→ **What to work on**: Each line of the records below that holds "ezdxf" should be copied out.
========================================
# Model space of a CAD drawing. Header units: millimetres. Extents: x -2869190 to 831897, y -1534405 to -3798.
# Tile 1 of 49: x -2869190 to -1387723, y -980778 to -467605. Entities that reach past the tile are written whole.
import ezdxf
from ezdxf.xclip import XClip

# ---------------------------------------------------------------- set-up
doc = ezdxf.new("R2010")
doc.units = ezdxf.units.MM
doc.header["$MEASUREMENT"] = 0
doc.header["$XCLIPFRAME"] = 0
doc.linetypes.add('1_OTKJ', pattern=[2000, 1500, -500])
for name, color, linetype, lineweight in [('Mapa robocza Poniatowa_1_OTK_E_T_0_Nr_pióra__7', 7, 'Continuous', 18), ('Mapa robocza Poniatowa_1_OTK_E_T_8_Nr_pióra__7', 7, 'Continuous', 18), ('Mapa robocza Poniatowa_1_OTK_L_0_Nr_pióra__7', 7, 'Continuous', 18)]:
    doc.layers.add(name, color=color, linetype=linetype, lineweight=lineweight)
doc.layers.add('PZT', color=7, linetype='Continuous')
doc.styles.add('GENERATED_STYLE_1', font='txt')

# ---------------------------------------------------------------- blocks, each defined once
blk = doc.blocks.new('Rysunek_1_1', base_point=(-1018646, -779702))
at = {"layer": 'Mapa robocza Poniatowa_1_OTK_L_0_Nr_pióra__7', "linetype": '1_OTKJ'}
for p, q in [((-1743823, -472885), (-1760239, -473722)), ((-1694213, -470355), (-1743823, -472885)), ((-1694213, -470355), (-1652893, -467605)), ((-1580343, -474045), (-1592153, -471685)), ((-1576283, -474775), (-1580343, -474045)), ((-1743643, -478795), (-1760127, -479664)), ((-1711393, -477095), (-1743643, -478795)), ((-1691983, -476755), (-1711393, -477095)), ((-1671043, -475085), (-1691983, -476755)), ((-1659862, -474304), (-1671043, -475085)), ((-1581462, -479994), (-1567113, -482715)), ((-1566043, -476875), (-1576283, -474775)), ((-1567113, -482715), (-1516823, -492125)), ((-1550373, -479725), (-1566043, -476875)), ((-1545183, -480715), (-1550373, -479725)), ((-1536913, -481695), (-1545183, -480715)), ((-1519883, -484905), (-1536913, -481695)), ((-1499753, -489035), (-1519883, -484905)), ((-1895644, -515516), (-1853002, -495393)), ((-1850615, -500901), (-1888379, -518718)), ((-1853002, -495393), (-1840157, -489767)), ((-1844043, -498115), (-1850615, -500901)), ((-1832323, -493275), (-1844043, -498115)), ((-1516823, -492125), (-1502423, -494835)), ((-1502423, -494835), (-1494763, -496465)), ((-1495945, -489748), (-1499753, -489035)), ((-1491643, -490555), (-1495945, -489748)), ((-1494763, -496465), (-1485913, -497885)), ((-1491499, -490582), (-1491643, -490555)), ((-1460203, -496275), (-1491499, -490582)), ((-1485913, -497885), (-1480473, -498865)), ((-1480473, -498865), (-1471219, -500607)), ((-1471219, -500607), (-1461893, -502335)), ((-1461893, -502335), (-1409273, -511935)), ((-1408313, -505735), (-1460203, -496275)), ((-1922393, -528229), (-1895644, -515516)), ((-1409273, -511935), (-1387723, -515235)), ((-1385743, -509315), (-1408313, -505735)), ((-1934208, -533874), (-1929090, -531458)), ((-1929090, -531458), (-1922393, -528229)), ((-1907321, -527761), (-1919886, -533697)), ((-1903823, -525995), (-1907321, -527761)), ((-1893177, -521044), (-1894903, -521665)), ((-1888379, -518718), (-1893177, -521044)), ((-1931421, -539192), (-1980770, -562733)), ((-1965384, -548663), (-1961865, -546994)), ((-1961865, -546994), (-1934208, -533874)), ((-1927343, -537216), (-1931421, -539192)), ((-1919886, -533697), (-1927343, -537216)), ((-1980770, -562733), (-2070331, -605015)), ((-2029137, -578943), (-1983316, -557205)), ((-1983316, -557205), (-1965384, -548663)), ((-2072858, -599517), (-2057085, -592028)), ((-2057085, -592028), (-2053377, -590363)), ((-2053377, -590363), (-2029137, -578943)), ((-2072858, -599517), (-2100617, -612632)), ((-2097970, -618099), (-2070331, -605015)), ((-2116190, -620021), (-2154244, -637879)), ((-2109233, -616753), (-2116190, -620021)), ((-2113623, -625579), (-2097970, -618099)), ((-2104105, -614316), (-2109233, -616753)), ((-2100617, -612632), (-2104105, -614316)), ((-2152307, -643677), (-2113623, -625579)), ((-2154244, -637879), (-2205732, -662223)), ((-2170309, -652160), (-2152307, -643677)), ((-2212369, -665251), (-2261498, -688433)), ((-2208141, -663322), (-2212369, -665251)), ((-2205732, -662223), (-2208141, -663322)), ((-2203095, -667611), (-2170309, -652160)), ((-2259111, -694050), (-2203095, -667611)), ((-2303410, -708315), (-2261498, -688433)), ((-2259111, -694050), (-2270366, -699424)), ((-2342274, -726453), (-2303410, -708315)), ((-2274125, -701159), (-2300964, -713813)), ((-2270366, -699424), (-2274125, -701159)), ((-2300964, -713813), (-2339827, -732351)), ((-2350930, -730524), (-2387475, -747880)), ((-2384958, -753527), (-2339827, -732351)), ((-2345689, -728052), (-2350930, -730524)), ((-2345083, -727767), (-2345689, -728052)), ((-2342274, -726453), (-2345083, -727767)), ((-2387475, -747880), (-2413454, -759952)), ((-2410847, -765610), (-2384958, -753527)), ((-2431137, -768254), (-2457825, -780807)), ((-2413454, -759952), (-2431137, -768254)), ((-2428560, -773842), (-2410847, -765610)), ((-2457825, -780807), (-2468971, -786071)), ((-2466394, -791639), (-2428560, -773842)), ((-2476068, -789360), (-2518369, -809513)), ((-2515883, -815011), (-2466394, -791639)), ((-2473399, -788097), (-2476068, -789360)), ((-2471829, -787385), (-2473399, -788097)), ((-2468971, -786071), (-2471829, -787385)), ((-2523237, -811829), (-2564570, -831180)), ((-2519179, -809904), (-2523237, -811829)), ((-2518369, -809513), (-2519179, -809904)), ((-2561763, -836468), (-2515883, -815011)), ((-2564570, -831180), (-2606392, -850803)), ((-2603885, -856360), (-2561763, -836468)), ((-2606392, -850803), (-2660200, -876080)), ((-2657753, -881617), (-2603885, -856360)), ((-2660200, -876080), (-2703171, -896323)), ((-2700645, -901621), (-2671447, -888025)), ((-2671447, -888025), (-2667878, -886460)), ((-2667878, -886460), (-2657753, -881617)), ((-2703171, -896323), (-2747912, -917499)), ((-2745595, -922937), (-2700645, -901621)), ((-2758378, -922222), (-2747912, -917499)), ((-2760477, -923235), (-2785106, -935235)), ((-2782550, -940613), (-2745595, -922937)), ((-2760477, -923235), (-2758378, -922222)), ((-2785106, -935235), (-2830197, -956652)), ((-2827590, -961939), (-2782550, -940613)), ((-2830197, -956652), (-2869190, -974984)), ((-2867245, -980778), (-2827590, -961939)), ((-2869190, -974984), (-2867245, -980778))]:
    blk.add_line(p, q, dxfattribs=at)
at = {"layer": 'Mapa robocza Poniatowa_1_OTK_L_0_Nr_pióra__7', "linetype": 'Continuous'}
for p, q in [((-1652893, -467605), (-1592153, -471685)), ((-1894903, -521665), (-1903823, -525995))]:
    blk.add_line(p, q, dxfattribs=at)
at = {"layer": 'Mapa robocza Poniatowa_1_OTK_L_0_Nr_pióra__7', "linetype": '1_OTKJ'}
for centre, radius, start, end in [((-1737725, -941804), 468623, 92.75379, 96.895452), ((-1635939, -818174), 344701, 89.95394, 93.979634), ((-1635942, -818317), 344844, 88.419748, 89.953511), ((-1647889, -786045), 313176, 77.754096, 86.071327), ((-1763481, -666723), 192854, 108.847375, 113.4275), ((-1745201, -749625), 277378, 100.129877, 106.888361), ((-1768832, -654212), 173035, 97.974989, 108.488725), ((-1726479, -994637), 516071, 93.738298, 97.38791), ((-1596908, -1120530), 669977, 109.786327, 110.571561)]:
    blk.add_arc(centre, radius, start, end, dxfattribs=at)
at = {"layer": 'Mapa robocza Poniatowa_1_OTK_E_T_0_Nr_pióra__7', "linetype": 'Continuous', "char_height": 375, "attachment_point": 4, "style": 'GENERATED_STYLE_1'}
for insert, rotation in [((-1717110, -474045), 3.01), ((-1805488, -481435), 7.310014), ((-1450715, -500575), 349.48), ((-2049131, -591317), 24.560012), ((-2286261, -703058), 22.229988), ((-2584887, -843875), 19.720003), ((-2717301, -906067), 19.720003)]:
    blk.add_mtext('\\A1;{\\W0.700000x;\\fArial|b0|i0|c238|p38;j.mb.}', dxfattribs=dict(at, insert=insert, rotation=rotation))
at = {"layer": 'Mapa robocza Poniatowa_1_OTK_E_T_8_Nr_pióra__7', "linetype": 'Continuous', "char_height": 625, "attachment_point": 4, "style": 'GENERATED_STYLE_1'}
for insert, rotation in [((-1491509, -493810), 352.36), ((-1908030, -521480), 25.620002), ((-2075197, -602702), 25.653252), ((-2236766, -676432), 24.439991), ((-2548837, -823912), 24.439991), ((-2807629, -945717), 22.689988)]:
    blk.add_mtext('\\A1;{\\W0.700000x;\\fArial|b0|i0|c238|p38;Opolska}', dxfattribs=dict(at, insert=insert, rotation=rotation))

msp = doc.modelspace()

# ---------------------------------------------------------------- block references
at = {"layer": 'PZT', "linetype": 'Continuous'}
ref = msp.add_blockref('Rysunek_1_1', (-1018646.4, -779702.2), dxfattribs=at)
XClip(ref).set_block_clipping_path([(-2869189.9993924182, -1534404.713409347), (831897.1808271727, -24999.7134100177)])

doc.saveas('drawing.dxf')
========================================
→ **Exercise result**:
import ezdxf
from ezdxf.xclip import XClip
doc = ezdxf.new("R2010")
doc.units = ezdxf.units.MM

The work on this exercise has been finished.